At the heart is B.A.B.U.R.A.O. (Behavioral Analysis & Broadcasting Unit for Real-time Artificial Observation) — a conversational AI copilot that translates raw sensor logs into human-readable narratives using abductive reasoning.


What's New in v0.5.0 🚀

Composable Node Architecture

VidChain now works like LangChain — build your own pipelines by snapping together modular nodes:

from vidchain import VidChain
from vidchain.pipeline import VideoChain
from vidchain.nodes import YoloNode, WhisperNode, OcrNode, AdaptiveKeyframeNode
from vidchain.nodes import LlavaNode  # New: Vision Language Model node

# Build a fully custom pipeline
my_chain = VideoChain(nodes=[
    AdaptiveKeyframeNode(change_threshold=5.0),  # Skip identical frames
    LlavaNode(model_name="moondream"),           # Deep scene captioning
    WhisperNode(),                               # Speech transcription
    OcrNode(),                                   # Screen text extraction
])

vc = VidChain()
video_id = vc.ingest("surveillance.mp4", chain=my_chain)
print(vc.ask("Was anyone at the desk?"))

VLM Vision Node (LlavaNode)

Replace blind YOLO object tags with rich, contextual scene descriptions powered by a local Vision Language Model:

  • Before (YOLO): "1 person, 1 laptop"
  • After (LlavaNode): "A person is typing Python code in VS Code.
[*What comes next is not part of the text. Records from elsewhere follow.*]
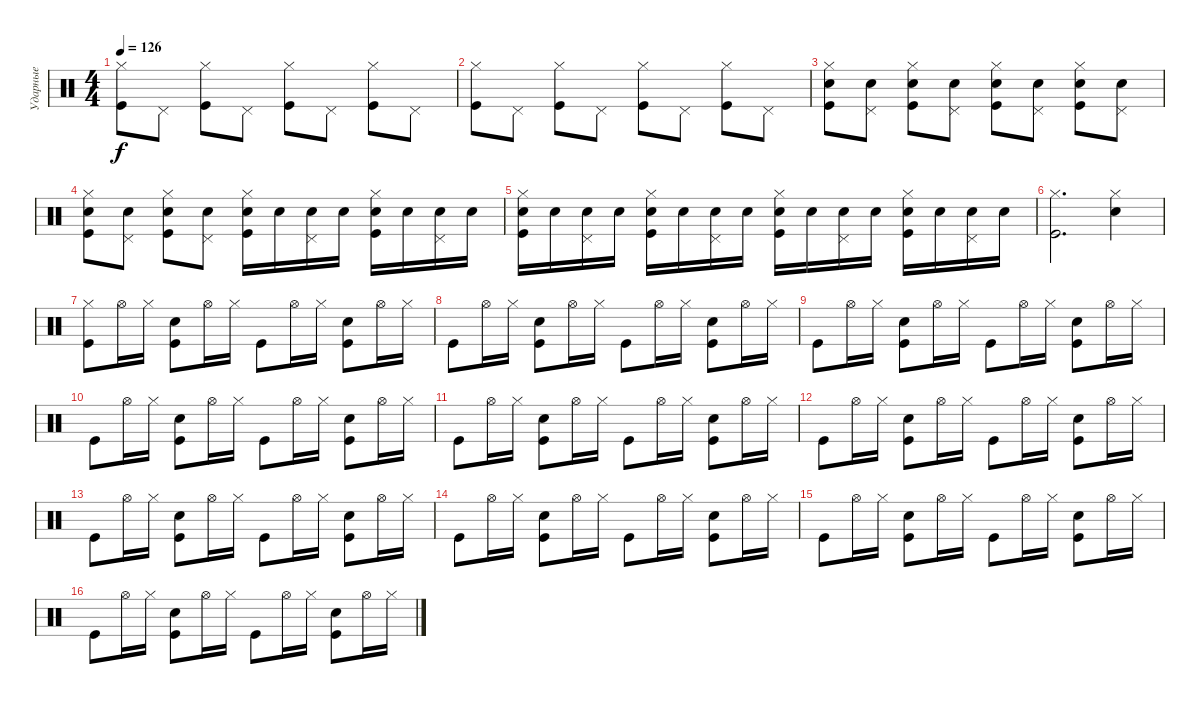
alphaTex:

\track ("Ударные" "Ударные") {instrument percussion}
\staff {score}
\articulation defaults
\ts (4 4)
\tempo 126
\clef neutral
\ks c
("Hi-Hat (closed)" "Kick (hit)").8{dy f} "Pedal Hi-Hat (hit)".8 ("Hi-Hat (closed)" "Kick (hit)").8 "Pedal Hi-Hat (hit)".8 ("Hi-Hat (closed)" "Kick (hit)").8 "Pedal Hi-Hat (hit)".8 ("Hi-Hat (closed)" "Kick (hit)").8 "Pedal Hi-Hat (hit)".8 |
("Hi-Hat (closed)" "Kick (hit)").8 "Pedal Hi-Hat (hit)".8 ("Hi-Hat (closed)" "Kick (hit)").8 "Pedal Hi-Hat (hit)".8 ("Hi-Hat (closed)" "Kick (hit)").8 "Pedal Hi-Hat (hit)".8 ("Hi-Hat (closed)" "Kick (hit)").8 "Pedal Hi-Hat (hit)".8 |
("Hi-Hat (closed)" "Kick (hit)" "Snare (hit) 2").8 ("Pedal Hi-Hat (hit)" "Snare (hit) 2").8 ("Hi-Hat (closed)" "Kick (hit)" "Snare (hit) 2").8 ("Pedal Hi-Hat (hit)" "Snare (hit) 2").8 ("Hi-Hat (closed)" "Kick (hit)" "Snare (hit) 2").8 ("Pedal Hi-Hat (hit)" "Snare (hit) 2").8 ("Hi-Hat (closed)" "Kick (hit)" "Snare (hit) 2").8 ("Pedal Hi-Hat (hit)" "Snare (hit) 2").8 |
("Hi-Hat (closed)" "Kick (hit)" "Snare (hit) 2").8 ("Pedal Hi-Hat (hit)" "Snare (hit) 2").8 ("Hi-Hat (closed)" "Kick (hit)" "Snare (hit) 2").8 ("Pedal Hi-Hat (hit)" "Snare (hit) 2").8 ("Hi-Hat (closed)" "Kick (hit)" "Snare (hit) 2").16 "Snare (hit) 2".16 ("Snare (hit) 2" "Pedal Hi-Hat (hit)").16 "Snare (hit) 2".16 ("Hi-Hat (closed)" "Kick (hit)" "Snare (hit) 2").16 "Snare (hit) 2".16 ("Snare (hit) 2" "Pedal Hi-Hat (hit)").16 "Snare (hit) 2".16 |
("Hi-Hat (closed)" "Kick (hit)" "Snare (hit) 2").16 "Snare (hit) 2".16 ("Snare (hit) 2" "Pedal Hi-Hat (hit)").16 "Snare (hit) 2".16 ("Hi-Hat (closed)" "Kick (hit)" "Snare (hit) 2").16 "Snare (hit) 2".16 ("Snare (hit) 2" "Pedal Hi-Hat (hit)").16 "Snare (hit) 2".16 ("Hi-Hat (closed)" "Kick (hit)" "Snare (hit) 2").16 "Snare (hit) 2".16 ("Snare (hit) 2" "Pedal Hi-Hat (hit)").16 "Snare (hit) 2".16 ("Hi-Hat (closed)" "Kick (hit)" "Snare (hit) 2").16 "Snare (hit) 2".16 ("Snare (hit) 2" "Pedal Hi-Hat (hit)").16 "Snare (hit) 2".16 |
("Hi-Hat (closed)" "Kick (hit)").2{d} ("Snare (hit) 2" "Hi-Hat (closed)").4 |
("Kick (hit)" "Hi-Hat (closed)").8 "Hi-Hat (open)".16 "Hi-Hat (closed)".16 ("Kick (hit)" "Snare (hit) 2").8 "Hi-Hat (open)".16 "Hi-Hat (closed)".16 "Kick (hit)".8 "Hi-Hat (open)".16 "Hi-Hat (closed)".16 ("Kick (hit)" "Snare (hit) 2").8 "Hi-Hat (open)".16 "Hi-Hat (closed)".16 |
"Kick (hit)".8 "Hi-Hat (open)".16 "Hi-Hat (closed)".16 ("Kick (hit)" "Snare (hit) 2").8 "Hi-Hat (open)".16 "Hi-Hat (closed)".16 "Kick (hit)".8 "Hi-Hat (open)".16 "Hi-Hat (closed)".16 ("Kick (hit)" "Snare (hit) 2").8 "Hi-Hat (open)".16 "Hi-Hat (closed)".16 |
"Kick (hit)".8 "Hi-Hat (open)".16 "Hi-Hat (closed)".16 ("Kick (hit)" "Snare (hit) 2").8 "Hi-Hat (open)".16 "Hi-Hat (closed)".16 "Kick (hit)".8 "Hi-Hat (open)".16 "Hi-Hat (closed)".16 ("Kick (hit)" "Snare (hit) 2").8 "Hi-Hat (open)".16 "Hi-Hat (closed)".16 |
"Kick (hit)".8 "Hi-Hat (open)".16 "Hi-Hat (closed)".16 ("Kick (hit)" "Snare (hit) 2").8 "Hi-Hat (open)".16 "Hi-Hat (closed)".16 "Kick (hit)".8 "Hi-Hat (open)".16 "Hi-Hat (closed)".16 ("Kick (hit)" "Snare (hit) 2").8 "Hi-Hat (open)".16 "Hi-Hat (closed)".16 |
"Kick (hit)".8 "Hi-Hat (open)".16 "Hi-Hat (closed)".16 ("Kick (hit)" "Snare (hit) 2").8 "Hi-Hat (open)".16 "Hi-Hat (closed)".16 "Kick (hit)".8 "Hi-Hat (open)".16 "Hi-Hat (closed)".16 ("Kick (hit)" "Snare (hit) 2").8 "Hi-Hat (open)".16 "Hi-Hat (closed)".16 |
"Kick (hit)".8 "Hi-Hat (open)".16 "Hi-Hat (closed)".16 ("Kick (hit)" "Snare (hit) 2").8 "Hi-Hat (open)".16 "Hi-Hat (closed)".16 "Kick (hit)".8 "Hi-Hat (open)".16 "Hi-Hat (closed)".16 ("Kick (hit)" "Snare (hit) 2").8 "Hi-Hat (open)".16 "Hi-Hat (closed)".16 |
"Kick (hit)".8 "Hi-Hat (open)".16 "Hi-Hat (closed)".16 ("Kick (hit)" "Snare (hit) 2").8 "Hi-Hat (open)".16 "Hi-Hat (closed)".16 "Kick (hit)".8 "Hi-Hat (open)".16 "Hi-Hat (closed)".16 ("Kick (hit)" "Snare (hit) 2").8 "Hi-Hat (open)".16 "Hi-Hat (closed)".16 |
"Kick (hit)".8 "Hi-Hat (open)".16 "Hi-Hat (closed)".16 ("Kick (hit)" "Snare (hit) 2").8 "Hi-Hat (open)".16 "Hi-Hat (closed)".16 "Kick (hit)".8 "Hi-Hat (open)".16 "Hi-Hat (closed)".16 ("Kick (hit)" "Snare (hit) 2").8 "Hi-Hat (open)".16 "Hi-Hat (closed)".16 |
"Kick (hit)".8 "Hi-Hat (open)".16 "Hi-Hat (closed)".16 ("Kick (hit)" "Snare (hit) 2").8 "Hi-Hat (open)".16 "Hi-Hat (closed)".16 "Kick (hit)".8 "Hi-Hat (open)".16 "Hi-Hat (closed)".16 ("Kick (hit)" "Snare (hit) 2").8 "Hi-Hat (open)".16 "Hi-Hat (closed)".16 |
"Kick (hit)".8 "Hi-Hat (open)".16 "Hi-Hat (closed)".16 ("Kick (hit)" "Snare (hit) 2").8 "Hi-Hat (open)".16 "Hi-Hat (closed)".16 "Kick (hit)".8 "Hi-Hat (open)".16 "Hi-Hat (closed)".16 ("Kick (hit)" "Snare (hit) 2").8 "Hi-Hat (open)".16 "Hi-Hat (closed)".16

A terminal window is open showing a running script. The screen displays file explorer with project files visible."

Supports any Ollama-compatible VLM model (recommended: moondream for speed, llava:7b for detail).

Adaptive Keyframe Firewall

The AdaptiveKeyframeNode acts as a compute firewall. It computes a Gaussian-blurred frame delta to detect visual change — identical frames are instantly rejected before reaching heavy models like YOLO or LLaVA, dramatically reducing GPU load.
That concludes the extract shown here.